• [WHAT YOU ARE ASKED TO DO]
From the entries below, return every line that includes the word "object".

• [EXTRACTED MATERIAL]
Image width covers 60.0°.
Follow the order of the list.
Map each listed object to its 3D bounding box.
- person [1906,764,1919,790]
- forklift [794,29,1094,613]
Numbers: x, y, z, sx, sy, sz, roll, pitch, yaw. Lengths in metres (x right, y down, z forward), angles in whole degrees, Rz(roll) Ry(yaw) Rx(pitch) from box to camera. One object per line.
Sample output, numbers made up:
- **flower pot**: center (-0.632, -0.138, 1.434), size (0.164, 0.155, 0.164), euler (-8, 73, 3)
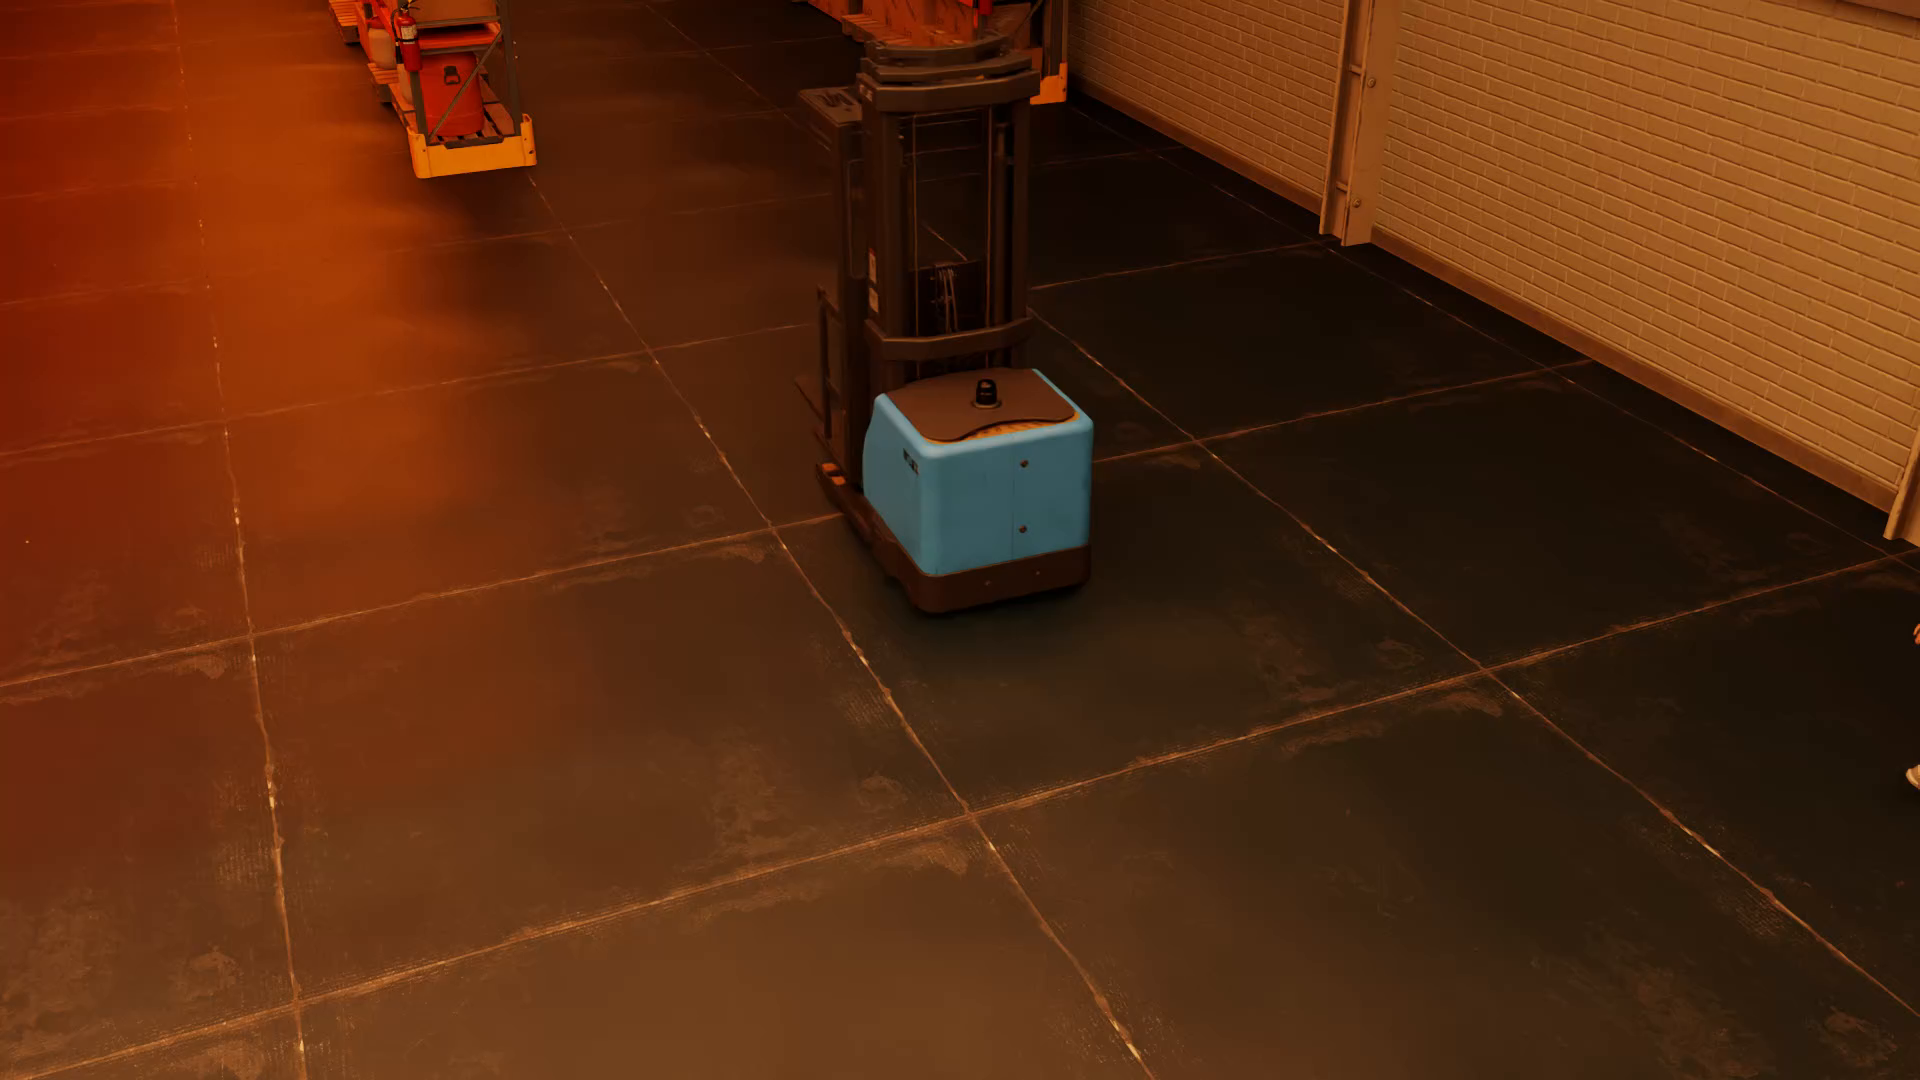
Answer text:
- **person**: center (4.836, 0.561, 7.522), size (0.787, 1.585, 0.529), euler (10, 31, 17)
- **forklift**: center (-0.275, -1.581, 9.884), size (1.130, 2.935, 3.031), euler (-11, 32, -19)

• [EXPECTED ANSWER]
Map each listed object to its 3D bounding box.
Numbers: x, y, z, sx, sy, sz, roll, pitch, yaw. Lengths in metres (x right, y down, z forward), angles in whole degrees, Rz(roll) Ry(yaw) Rx(pitch) from box to camera. One object per line.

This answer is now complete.